Essa virada transforma o perfil exigido dos trabalhadores. No setor de Tecnologia da Informação em Buenos Aires, a alta qualificação cria uma barreira de entrada que exclui boa parte da população local. “Antes você levava um currículo numa fábrica e era chamado para uma entrevista. Nessas empresas isso não acontece mais. Você precisa falar inglês, ter noções de programação e formação de nível superior”, diz Fantin. Ao mesmo tempo, a atuação sindical nesses espaços é frequentemente nula, e os profissionais perdem controle sobre horas trabalhadas e remuneração, sobretudo com a expansão do teletrabalho. Enquanto isso, instituições públicas enfrentam esvaziamento de quadros técnicos, um risco real de “apagão tecnológico” pela perda do conhecimento acumulado por servidores veteranos.

O serviço ambiental que ninguém paga
O livro também examina os catadores de materiais recicláveis, comparando São Paulo a Buenos Aires. Fantin explica por meio de uma analogia: “Se você contrata alguém para cortar a grama da sua casa, você não vai remunerar a pessoa com grama. Com os resíduos deveria ser o mesmo.” O argumento é que o poder público precisa pagar pelo serviço ambiental prestado pelos catadores, independentemente do valor de mercado do material coletado.
A comparação entre os dois países revela trajetórias distintas. Em Buenos Aires, uma tradição política mais consolidada permitiu que cooperativas de grande escala conquistassem o “salário social”. No Brasil, a dinâmica ainda é marcada pela “viração”, o improviso cotidiano, e pela fragmentação em experiências menores de economia solidária.
Envelhecer no lugar, resistir ao calor
O livro se encerra com o conceito de “Envelhecer no Território”, que adapta teorias produzidas nos países do Norte Global para a realidade desigual da América Latina.
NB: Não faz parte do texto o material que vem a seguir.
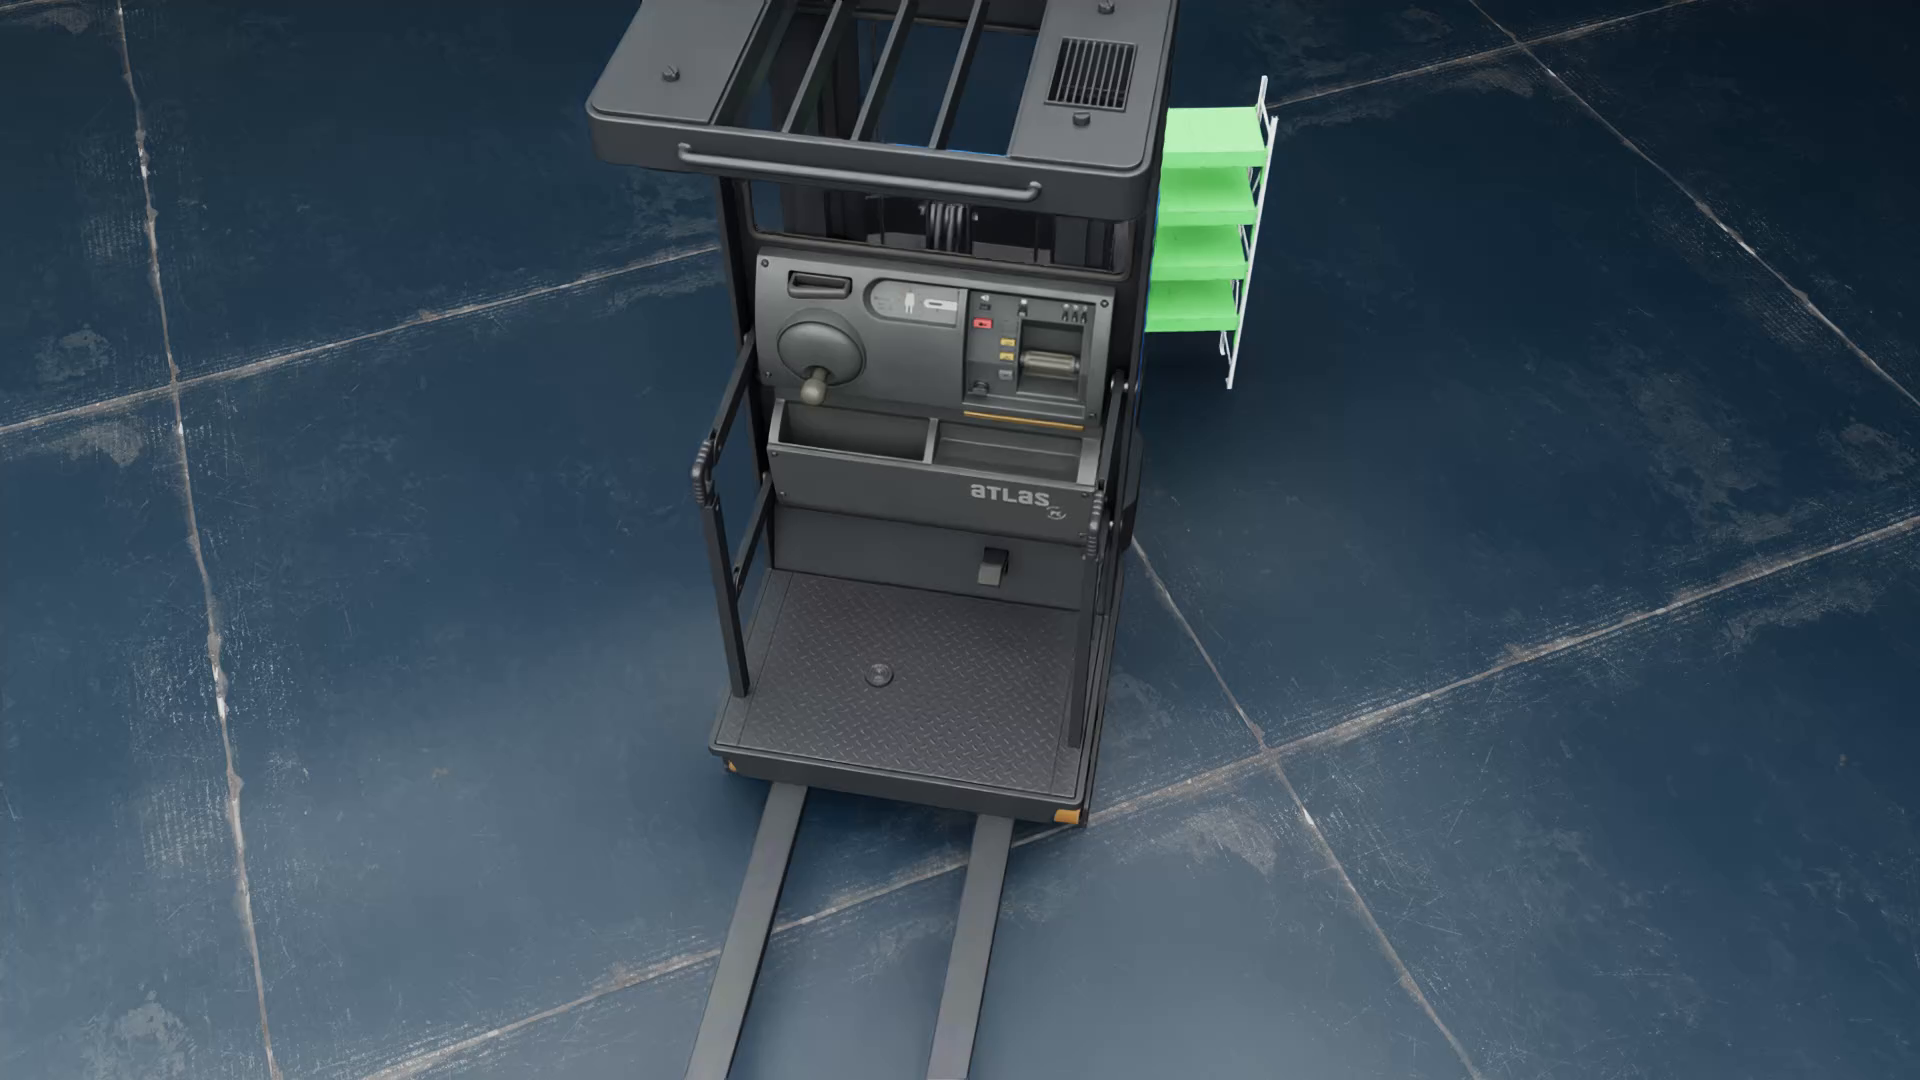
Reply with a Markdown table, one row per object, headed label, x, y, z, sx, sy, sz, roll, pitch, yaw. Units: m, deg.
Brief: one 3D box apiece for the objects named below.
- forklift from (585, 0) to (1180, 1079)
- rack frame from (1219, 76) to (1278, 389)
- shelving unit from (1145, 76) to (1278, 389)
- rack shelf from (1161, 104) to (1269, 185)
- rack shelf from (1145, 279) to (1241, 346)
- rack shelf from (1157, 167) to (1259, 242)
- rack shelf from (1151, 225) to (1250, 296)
| label | x | y | z | sx | sy | sz | roll | pitch | yaw |
| --- | --- | --- | --- | --- | --- | --- | --- | --- | --- |
| forklift | -0.110 | -0.409 | 4.170 | 1.130 | 2.935 | 3.031 | 8 | 50 | 7 |
| rack frame | 1.007 | -1.048 | 5.859 | 0.015 | 1.200 | 0.240 | -1 | 49 | -1 |
| shelving unit | 0.763 | -1.042 | 5.854 | 0.503 | 1.200 | 0.258 | -1 | 49 | -1 |
| rack shelf | 0.763 | -1.313 | 5.538 | 0.480 | 0.148 | 0.258 | -1 | 49 | -1 |
| rack shelf | 0.763 | -0.844 | 6.085 | 0.480 | 0.148 | 0.258 | -1 | 49 | -1 |
| rack shelf | 0.763 | -1.157 | 5.720 | 0.480 | 0.148 | 0.258 | -1 | 49 | -1 |
| rack shelf | 0.763 | -1.001 | 5.903 | 0.480 | 0.148 | 0.258 | -1 | 49 | -1 |
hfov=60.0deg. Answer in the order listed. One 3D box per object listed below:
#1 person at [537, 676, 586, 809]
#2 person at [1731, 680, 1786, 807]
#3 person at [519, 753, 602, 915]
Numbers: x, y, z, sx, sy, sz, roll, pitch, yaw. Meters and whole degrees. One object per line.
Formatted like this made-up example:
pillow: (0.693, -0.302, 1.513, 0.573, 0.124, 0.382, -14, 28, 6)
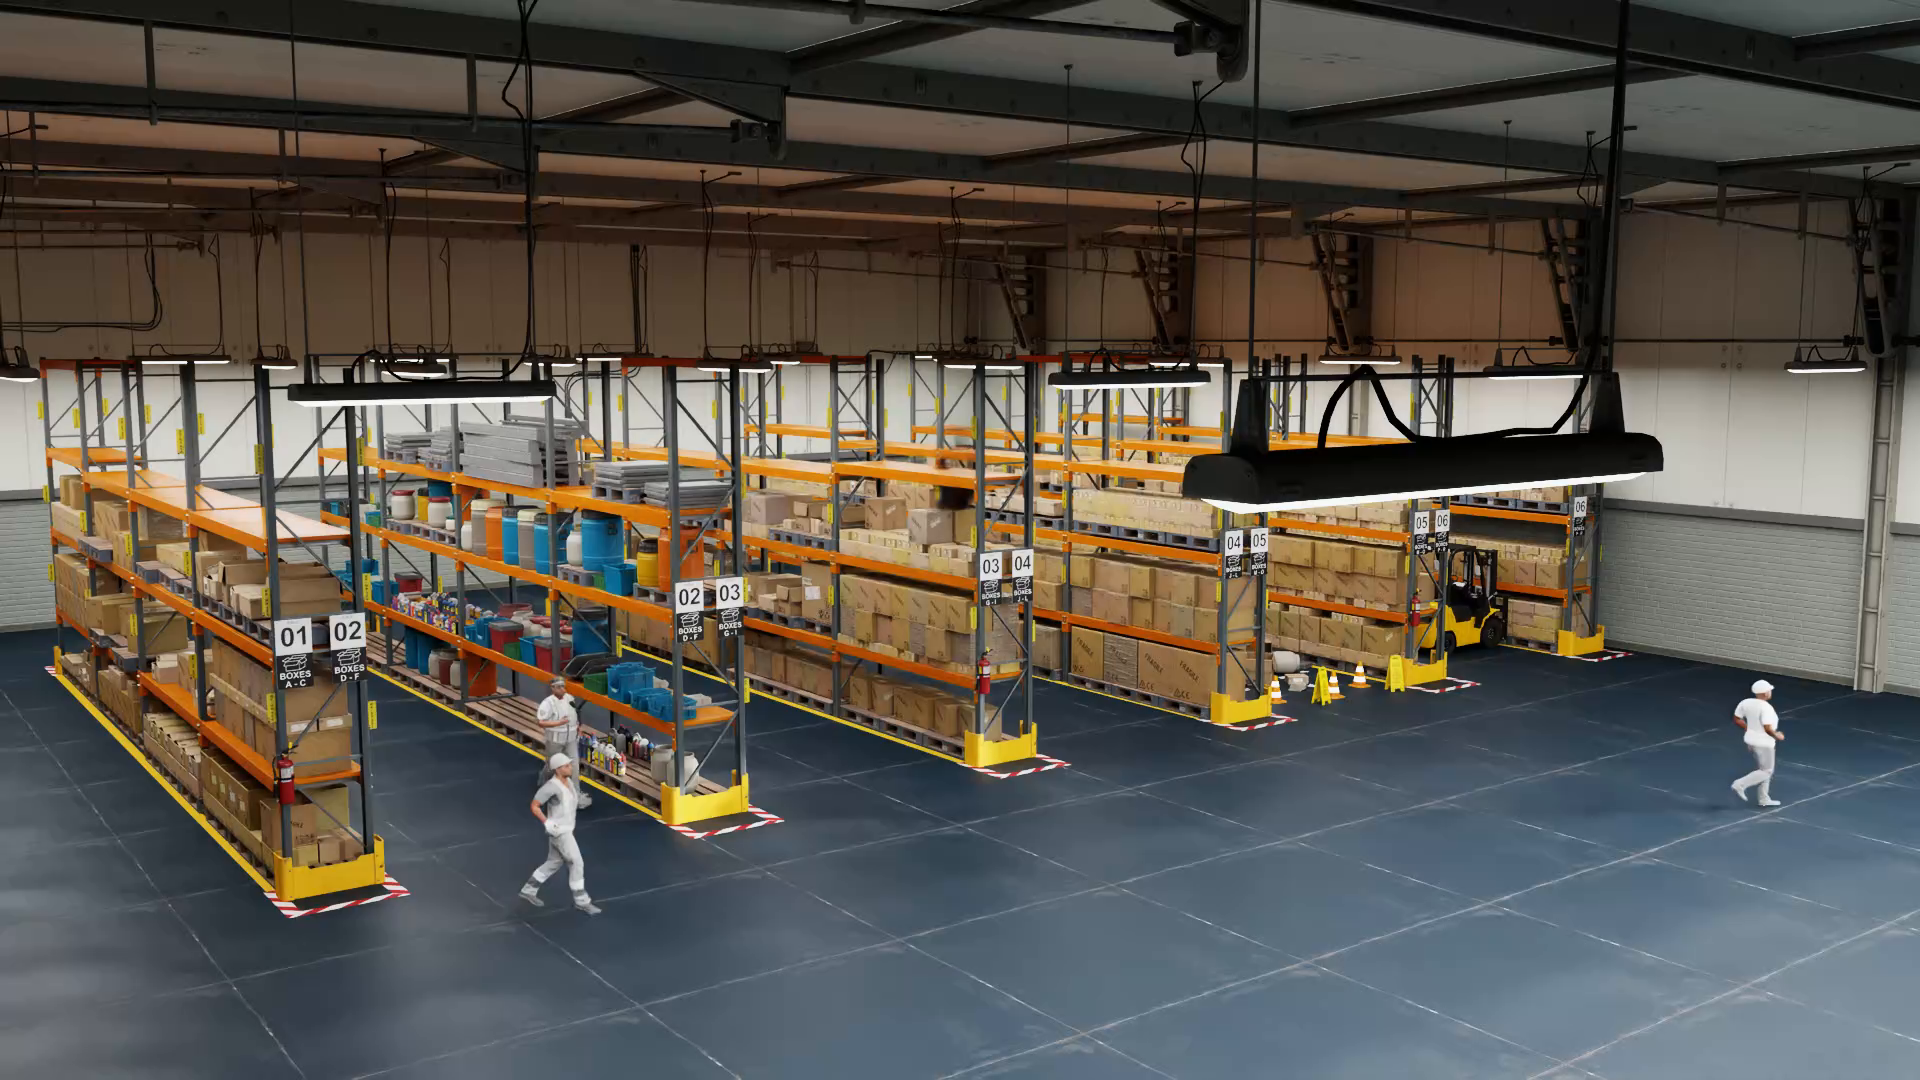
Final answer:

A proposta defende políticas urbanas que permitam ao idoso permanecer em sua comunidade com autonomia, preservando vínculos afetivos e identidade.
Essa permanência, porém, é ameaçada pela crise climática. Populações idosas em periferias adensadas e sem infraestrutura são as mais vulneráveis a ondas de calor e enchentes. A resposta, para Fantin, remete ao simples. “Uma cidade bem arborizada pode reduzir a temperatura em até 3 graus. A árvore é a tecnologia mais antiga e a mais funcional.”
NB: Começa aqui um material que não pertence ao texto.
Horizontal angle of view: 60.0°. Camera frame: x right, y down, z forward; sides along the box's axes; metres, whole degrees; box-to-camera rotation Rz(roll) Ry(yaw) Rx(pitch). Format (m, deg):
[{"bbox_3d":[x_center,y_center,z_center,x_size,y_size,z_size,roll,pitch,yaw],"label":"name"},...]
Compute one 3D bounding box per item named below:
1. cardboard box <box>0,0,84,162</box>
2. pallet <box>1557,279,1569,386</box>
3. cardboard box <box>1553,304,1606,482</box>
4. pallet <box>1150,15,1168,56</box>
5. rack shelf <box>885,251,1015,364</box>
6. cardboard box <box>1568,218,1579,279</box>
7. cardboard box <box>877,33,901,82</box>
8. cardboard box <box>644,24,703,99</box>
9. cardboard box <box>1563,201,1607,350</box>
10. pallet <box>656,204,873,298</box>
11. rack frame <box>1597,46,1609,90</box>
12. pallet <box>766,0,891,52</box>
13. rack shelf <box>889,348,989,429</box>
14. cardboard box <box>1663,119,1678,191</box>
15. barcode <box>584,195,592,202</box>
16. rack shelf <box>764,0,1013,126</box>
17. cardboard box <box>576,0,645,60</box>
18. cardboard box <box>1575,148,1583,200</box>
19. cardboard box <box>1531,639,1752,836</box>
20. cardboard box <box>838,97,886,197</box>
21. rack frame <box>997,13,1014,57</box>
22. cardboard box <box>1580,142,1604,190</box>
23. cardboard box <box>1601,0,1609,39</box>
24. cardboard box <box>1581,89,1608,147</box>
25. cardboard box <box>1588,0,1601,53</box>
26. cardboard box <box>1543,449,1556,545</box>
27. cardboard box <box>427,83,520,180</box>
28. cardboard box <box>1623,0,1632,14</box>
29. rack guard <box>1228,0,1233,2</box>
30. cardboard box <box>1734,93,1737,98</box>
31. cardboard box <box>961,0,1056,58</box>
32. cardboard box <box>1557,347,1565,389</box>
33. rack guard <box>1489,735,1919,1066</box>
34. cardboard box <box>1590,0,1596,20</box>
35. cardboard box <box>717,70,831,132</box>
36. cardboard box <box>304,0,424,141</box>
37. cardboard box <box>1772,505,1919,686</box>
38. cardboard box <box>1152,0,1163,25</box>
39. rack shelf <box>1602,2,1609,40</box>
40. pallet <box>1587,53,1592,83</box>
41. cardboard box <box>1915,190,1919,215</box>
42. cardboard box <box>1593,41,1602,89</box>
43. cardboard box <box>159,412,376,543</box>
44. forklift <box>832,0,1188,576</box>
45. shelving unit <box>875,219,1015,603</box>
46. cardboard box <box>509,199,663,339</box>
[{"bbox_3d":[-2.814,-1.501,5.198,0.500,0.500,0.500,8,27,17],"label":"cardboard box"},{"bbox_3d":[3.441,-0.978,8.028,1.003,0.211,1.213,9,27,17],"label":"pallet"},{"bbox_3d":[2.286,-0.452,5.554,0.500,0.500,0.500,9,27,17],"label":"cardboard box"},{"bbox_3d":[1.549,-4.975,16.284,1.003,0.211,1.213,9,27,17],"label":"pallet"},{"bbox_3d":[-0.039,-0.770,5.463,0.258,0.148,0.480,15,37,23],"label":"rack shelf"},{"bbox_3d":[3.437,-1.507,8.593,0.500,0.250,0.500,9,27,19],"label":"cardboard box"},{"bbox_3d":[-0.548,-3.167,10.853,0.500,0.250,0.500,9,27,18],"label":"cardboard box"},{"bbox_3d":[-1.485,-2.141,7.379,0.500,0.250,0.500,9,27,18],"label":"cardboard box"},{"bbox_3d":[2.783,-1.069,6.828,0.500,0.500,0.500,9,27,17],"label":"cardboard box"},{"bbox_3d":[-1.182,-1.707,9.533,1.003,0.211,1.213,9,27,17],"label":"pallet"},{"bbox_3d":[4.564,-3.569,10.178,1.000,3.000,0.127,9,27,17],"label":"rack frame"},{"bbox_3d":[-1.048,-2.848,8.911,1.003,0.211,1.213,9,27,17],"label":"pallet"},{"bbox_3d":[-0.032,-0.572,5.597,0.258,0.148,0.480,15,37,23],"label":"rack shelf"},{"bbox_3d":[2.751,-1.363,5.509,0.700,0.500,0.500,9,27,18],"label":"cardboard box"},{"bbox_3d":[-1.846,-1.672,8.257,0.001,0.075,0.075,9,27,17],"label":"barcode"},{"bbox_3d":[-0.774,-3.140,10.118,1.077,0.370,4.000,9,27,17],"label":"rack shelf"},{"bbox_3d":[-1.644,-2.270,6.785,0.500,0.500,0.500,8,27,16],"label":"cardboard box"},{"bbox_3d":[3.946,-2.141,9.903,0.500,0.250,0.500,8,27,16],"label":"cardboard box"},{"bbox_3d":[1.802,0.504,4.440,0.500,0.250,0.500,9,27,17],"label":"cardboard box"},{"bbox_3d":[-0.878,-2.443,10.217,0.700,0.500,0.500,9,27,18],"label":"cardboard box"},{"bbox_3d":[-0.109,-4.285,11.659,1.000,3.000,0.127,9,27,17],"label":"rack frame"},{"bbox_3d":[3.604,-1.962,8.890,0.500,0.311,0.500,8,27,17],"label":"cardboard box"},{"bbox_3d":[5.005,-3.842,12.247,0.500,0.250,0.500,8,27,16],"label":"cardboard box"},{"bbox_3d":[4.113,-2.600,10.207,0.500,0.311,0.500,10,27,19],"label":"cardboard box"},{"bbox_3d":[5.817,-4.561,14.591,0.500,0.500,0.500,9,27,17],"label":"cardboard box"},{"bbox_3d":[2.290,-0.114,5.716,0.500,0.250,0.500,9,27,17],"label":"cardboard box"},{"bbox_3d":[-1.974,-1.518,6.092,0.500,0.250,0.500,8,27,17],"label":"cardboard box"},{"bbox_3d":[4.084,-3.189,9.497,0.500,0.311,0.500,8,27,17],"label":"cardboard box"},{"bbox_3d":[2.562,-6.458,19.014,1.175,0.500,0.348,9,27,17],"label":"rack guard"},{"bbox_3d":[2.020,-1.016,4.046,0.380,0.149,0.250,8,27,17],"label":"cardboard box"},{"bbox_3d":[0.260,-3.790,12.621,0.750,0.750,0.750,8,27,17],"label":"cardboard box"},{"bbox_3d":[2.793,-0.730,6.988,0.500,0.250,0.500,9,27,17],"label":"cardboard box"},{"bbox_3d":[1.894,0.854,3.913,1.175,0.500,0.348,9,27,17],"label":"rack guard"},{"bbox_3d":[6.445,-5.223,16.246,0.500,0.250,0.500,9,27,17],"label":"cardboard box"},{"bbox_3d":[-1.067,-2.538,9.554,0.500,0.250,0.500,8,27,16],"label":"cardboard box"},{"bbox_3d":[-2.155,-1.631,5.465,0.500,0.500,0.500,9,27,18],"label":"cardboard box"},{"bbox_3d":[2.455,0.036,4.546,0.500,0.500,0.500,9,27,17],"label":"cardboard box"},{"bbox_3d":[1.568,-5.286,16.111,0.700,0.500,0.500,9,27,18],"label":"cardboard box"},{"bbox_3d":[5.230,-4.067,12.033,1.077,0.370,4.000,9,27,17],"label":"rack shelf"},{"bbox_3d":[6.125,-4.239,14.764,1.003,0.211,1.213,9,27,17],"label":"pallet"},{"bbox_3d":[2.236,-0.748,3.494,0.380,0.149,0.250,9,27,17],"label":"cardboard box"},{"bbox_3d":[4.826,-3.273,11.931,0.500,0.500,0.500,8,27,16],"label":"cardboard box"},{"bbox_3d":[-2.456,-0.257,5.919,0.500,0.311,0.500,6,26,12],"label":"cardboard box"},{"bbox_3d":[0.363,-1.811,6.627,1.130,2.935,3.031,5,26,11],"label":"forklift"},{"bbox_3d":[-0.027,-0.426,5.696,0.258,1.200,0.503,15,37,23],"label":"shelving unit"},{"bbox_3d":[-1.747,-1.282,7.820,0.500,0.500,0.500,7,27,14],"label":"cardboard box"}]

Para Fantin, a obra reafirma o valor da internacionalização acadêmica dentro da própria América Latina. Disponível gratuitamente no Portal de Livros Abertos da USP, o livro se propõe como um gesto de cooperação entre países que compartilham questões estruturais semelhantes. “Olhar para a América Latina é muito mais interessante para buscar, dentro das cooperações acadêmicas, soluções para os problemas comuns”, conclui o professor.
Matéria: Mariana Gaia | Jornal da USP.